(Work instruction):
When the string "object" appears in a line of the records, show the whole line.

(Extracted entries):
════
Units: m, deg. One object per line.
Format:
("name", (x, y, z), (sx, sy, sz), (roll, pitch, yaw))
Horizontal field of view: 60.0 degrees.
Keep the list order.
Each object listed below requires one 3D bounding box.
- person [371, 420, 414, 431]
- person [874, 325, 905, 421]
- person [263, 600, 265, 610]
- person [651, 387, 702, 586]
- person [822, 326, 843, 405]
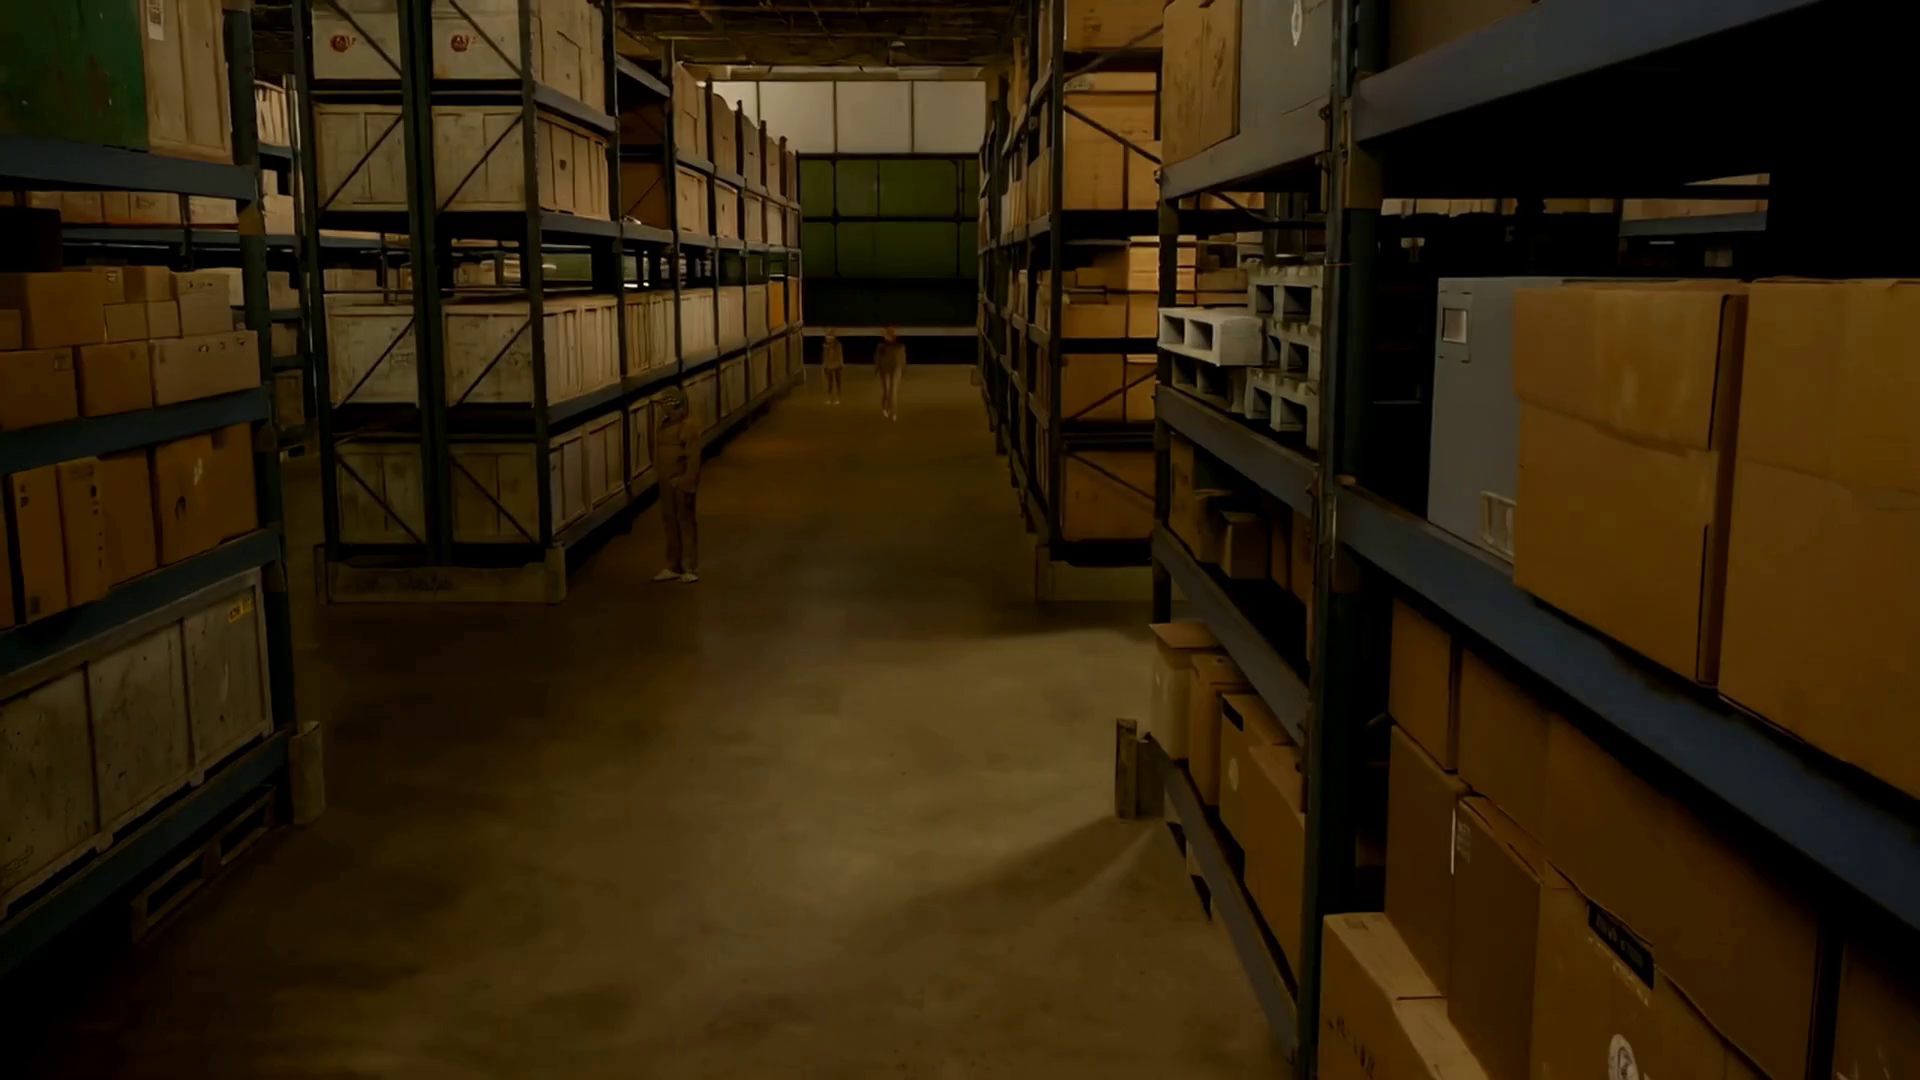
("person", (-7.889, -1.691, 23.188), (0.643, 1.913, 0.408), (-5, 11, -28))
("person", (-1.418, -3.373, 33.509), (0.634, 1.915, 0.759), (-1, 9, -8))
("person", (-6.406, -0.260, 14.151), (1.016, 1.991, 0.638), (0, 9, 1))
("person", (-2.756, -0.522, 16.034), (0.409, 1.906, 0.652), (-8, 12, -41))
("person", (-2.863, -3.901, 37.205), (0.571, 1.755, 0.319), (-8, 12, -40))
════
(Answer to this problem):
Units: m, deg. One object per line.
Each object listed below requires one 3D bounding box.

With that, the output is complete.